3.11 Riverside's work with children and young people today suggests alternative aspirations. While many evangelicals' engagements with young people are still today shaped by a conversionist logic, and many focus primarily on middle-class children, there are also growing efforts across different evangelical constituencies to engage in different forms of 'mission', shaped by a consciousness of the exclusions perpetuated by evangelical culture's dominant white middle-class culture (Elisha 2011; Strhan 2013, 2015). Open evangelicals self-consciously distinguish their urban engagements from historical and other contemporary evangelicals' desires for the religious conversion of non-Christians. When I first met the children's and families' minister at Riverside, Rob, he told me that they were not trying to convert anyone, 'so your research will be useful for us, to be able to show whether or not we still secretly do want to try to convert people'.

3.12 Given how evangelicals' historical work with 'the children of the poor' was shaped by class, how does this then relate to the practical realities of life at Riverside today?

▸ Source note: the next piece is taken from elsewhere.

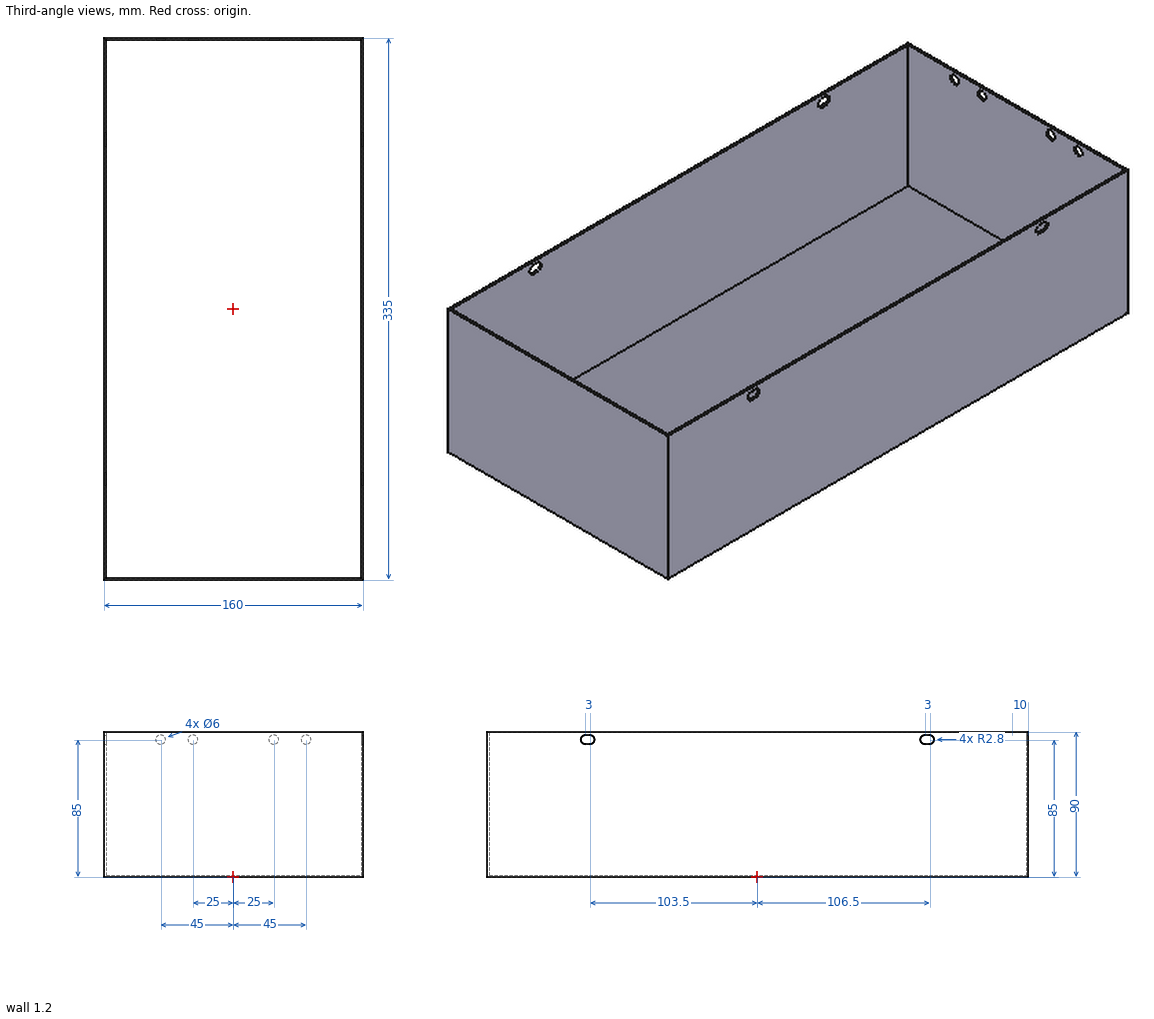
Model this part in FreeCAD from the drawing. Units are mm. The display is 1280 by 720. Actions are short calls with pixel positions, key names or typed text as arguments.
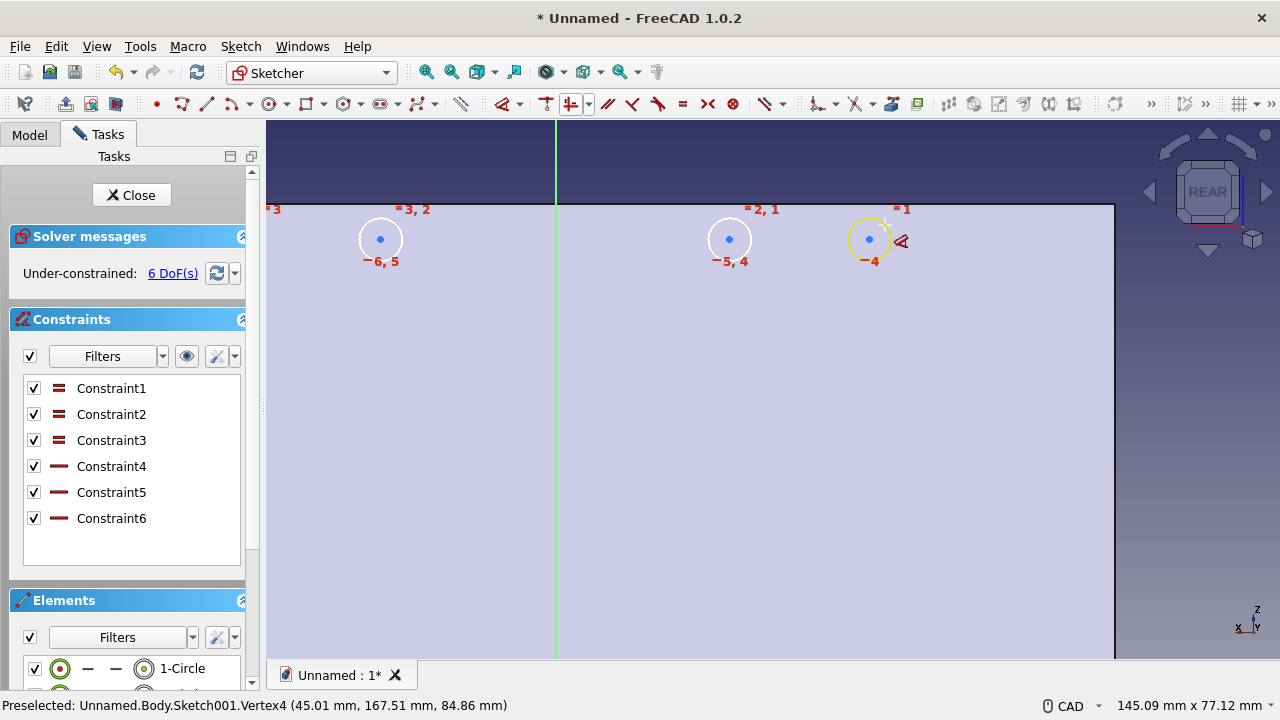
click(885, 225)
click(908, 203)

Breaking the Class Ceiling?

4.1 As already noted, one of the main values of Riverside Church is 'inclusion', and when church members talk about 'inclusion', they talk about the social inclusion of those 'socially excluded' through categories of identity such as race, sexuality, disability, or social class, with a particular focus on the inclusion of LGBT groups who have historically been excluded from evangelical churches.[11] They also talked about 'holistic inclusion' in their aspirations for both the church and the school, and repeatedly emphasized that their vision is to 'build inclusive communities', where 'everyone has hope, feels they matter, and is given the opportunity to achieve their potential'.[12] The church located their links with Riverside Primary and Secondary Academies as central to achieving that aim. At Riverside Secondary, in practical terms however, 'inclusion' most often meant, as one of the church's children's workers said to me, 'access to employment'.

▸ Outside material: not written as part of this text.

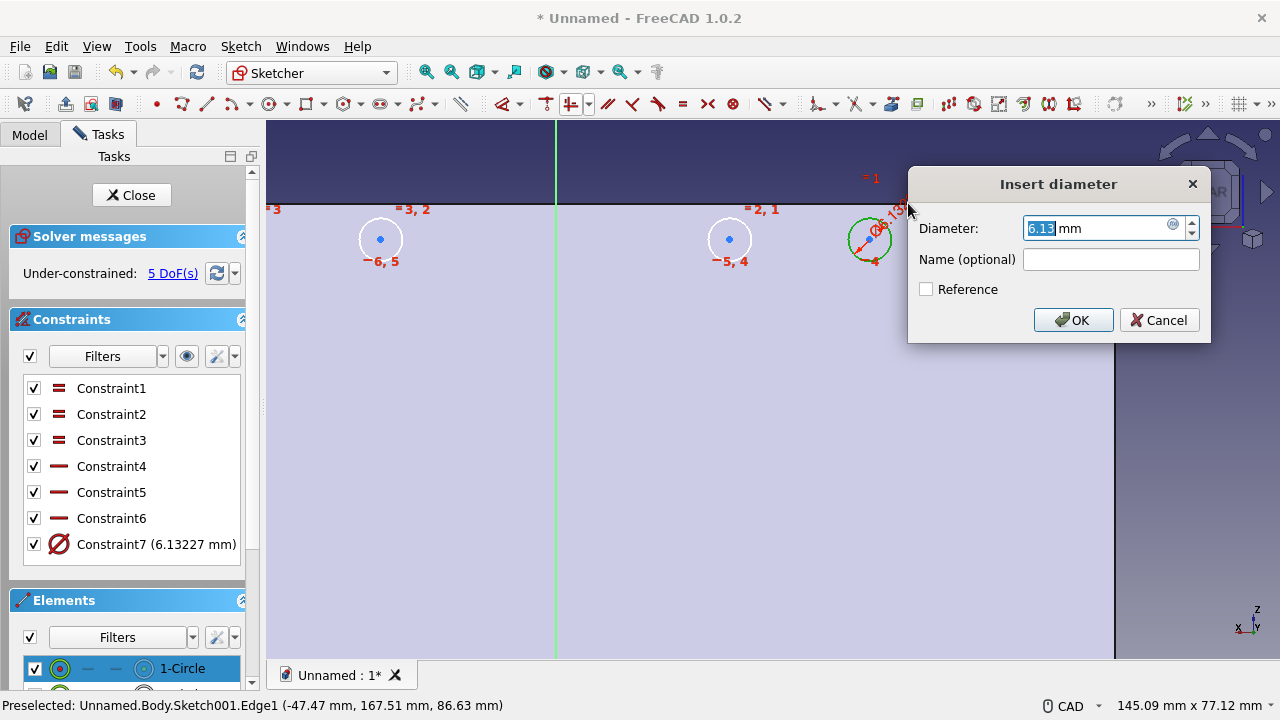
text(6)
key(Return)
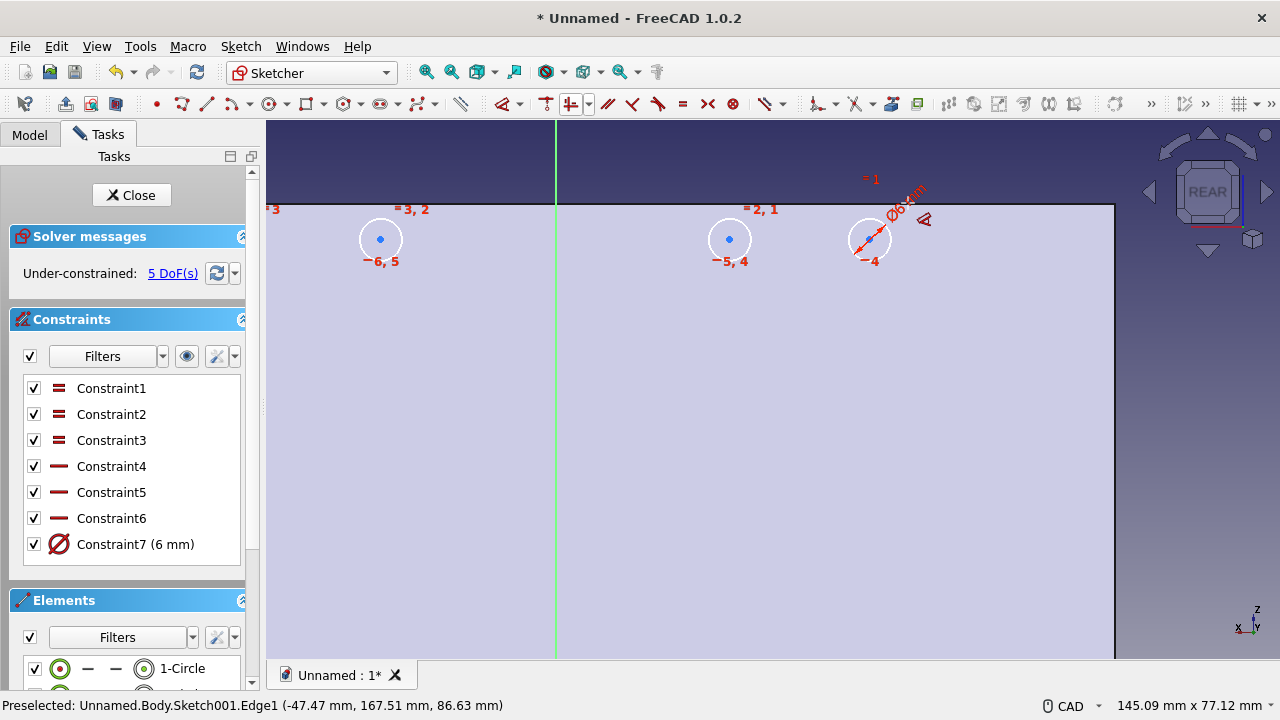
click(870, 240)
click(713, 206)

4.2 Savage et al. (1992) have argued that middle-class formation involves a notion of the self in which the individual invests in storing up cultural assets for the future, and Skeggs argues that in the contemporary moment, the ability to propertize culture, as having particular exchange-values, becomes increasingly central to how class is made (Skeggs 2004b). Such logics pervade everyday life at Riverside Secondary. The school's stated main aim for the children – in its promotional literature, and frequently articulated in assemblies – is that they will end up 'in a great job of their choice, with great prospects', and the teachers understand this to require building students' 'social and cultural capital', as they tell the children. The school invites business leaders, from corporate accountancy and law firms, for example, to have weekly lunches with the children, while organizations such as the Royal Bank of Scotland and Intercontinental Hotels provide careers' education every week from Year 7. In their lessons provided by Intercontinental Hotels, students were involved in a competition to market the hotel's most expensive and difficult to sell suite (at £3000 per night), while in their lessons with RBS, they had to consider how they could get maximum profit from a £20 investment.[13]

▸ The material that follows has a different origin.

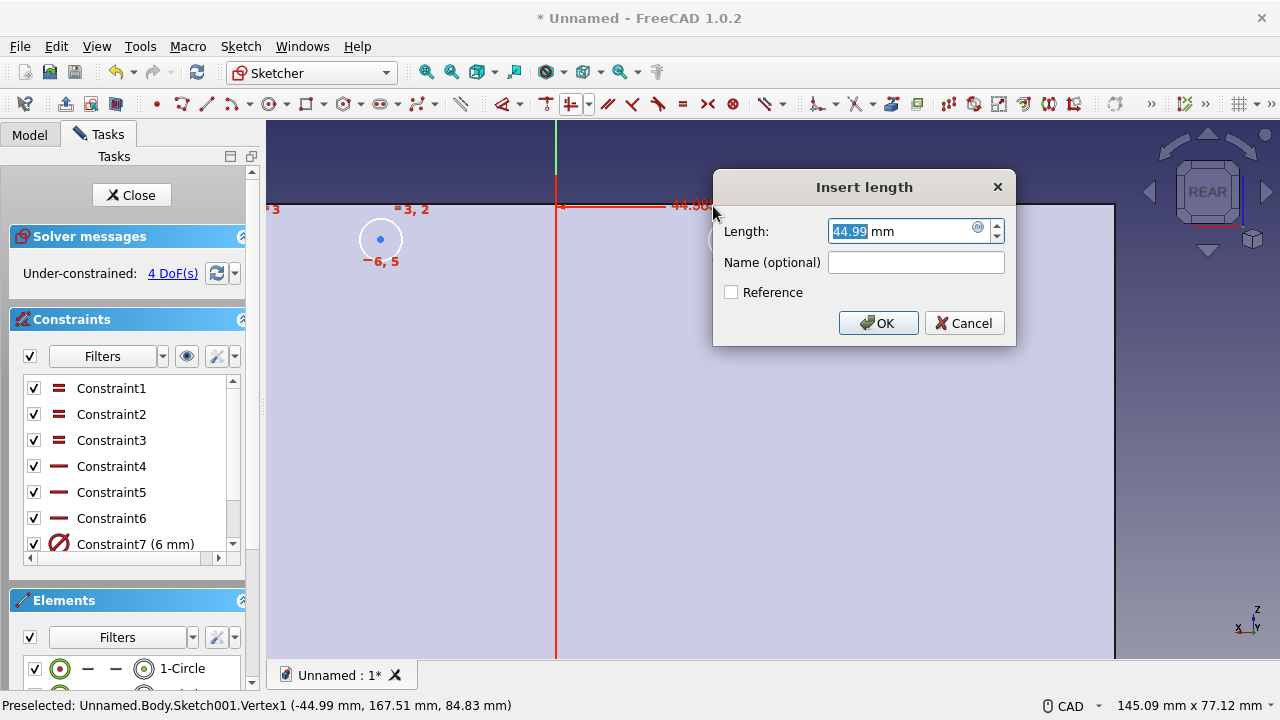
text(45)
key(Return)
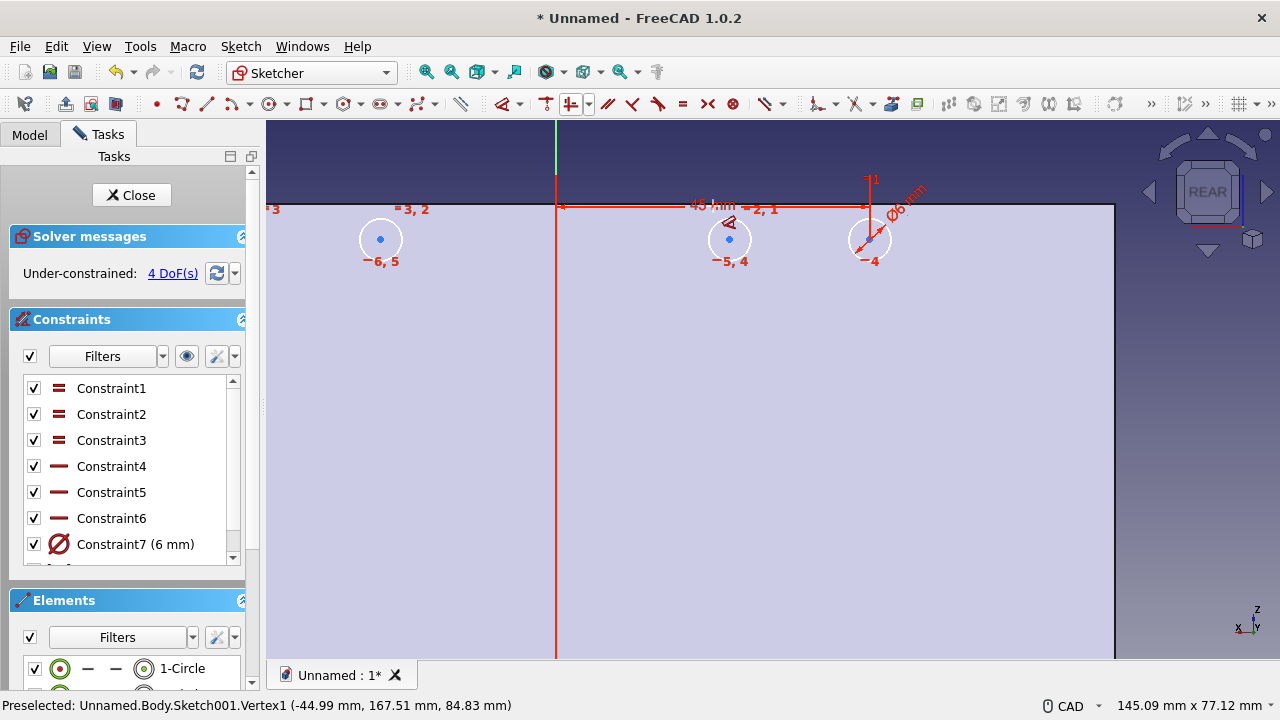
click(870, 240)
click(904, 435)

4.3 At the school end-of-year awards evening, Miss Morris emphasized this sense of education as geared towards students' employment:

We all know what the purpose is of being here: our dream job… Our youngsters of 12 years old, they must have a dream job… it's not a problem if it changes but they … must have one. So I don't mind if the children, when they started with us in September, said, do you know what, I want to be a footballer, but by January they said, do you know what, I really want to be a lawyer within a Premier League football club, and then they go on and say, no do you know what, I want to go into designing aeroplanes. It doesn't matter if the dream job changes but what's really crucial is that there's always a dream job.

4.4 This focus on aspiring to achieve a 'dream job' reflects broader changes in the educational landscape. As Diane Reay comments, in the past, when education 'was about knowing your place in society, religion was the opium of the masses. Now that education has been reinvented as an aspirational project for the self, social mobility has taken its place and we are all supposed to aspire to becoming doctors and lawyers, or even princesses, footballers, celebrities and billionaire entrepreneurs' (2013: 665-666). In this aspirational society, achieving these 'dream jobs' is fiercely competitive, thus education requires fostering a competitive spirit and other 'values', which Riverside Academy seeks to develop, such as 'scholarship', 'resilience' and 'aspiration'. As Miss Morris put it at the awards evening:

Scholarship is about loving learning. Scholarship is also, frankly, about getting great GCSE results, getting those As and A stars. Scholarship is about getting great A levels, and … about going to those universities when you're 18 that you've been to this year. Scholarship is about you starting your first day at Oxford University, which so many of you love, or choosing Cambridge University… Scholarship is about reaching that end goal.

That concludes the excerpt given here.